§ **Task goal**: Which lines below include "roll"? Copy them all.

§ **Data for review**:

□ □ □

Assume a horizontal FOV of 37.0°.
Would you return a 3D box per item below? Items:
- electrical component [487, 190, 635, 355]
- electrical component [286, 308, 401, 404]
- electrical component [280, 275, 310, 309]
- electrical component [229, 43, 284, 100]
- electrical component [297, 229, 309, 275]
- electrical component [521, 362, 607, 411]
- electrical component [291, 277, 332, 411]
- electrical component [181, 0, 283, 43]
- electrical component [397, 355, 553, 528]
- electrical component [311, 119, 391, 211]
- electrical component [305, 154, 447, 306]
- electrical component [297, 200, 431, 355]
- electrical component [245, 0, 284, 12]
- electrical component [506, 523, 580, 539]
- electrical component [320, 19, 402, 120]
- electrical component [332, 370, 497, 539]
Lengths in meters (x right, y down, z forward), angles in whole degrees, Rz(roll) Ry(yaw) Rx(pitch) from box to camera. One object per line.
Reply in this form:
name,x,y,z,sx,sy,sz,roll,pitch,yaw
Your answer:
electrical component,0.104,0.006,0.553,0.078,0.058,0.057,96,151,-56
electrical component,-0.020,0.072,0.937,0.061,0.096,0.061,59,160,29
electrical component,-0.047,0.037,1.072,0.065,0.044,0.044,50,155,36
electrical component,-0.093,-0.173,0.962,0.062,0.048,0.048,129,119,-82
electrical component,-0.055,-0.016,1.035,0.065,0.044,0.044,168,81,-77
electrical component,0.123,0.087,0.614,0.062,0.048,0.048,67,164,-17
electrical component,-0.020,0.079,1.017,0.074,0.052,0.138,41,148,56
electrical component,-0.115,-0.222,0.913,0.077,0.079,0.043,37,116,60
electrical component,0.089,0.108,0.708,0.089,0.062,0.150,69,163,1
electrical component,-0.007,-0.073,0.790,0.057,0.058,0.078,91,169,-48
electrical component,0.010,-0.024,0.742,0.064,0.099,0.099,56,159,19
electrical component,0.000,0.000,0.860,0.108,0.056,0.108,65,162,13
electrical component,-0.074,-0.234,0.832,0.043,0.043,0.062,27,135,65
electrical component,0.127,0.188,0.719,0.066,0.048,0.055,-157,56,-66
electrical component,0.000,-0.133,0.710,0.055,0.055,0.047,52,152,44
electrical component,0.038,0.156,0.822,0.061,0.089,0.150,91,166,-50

□ □ □

§ **Exercise solution**:
Lengths in meters (x right, y down, z forward), angles in whole degrees, Rz(roll) Ry(yaw) Rx(pitch) from box to camera. One object per line.
name,x,y,z,sx,sy,sz,roll,pitch,yaw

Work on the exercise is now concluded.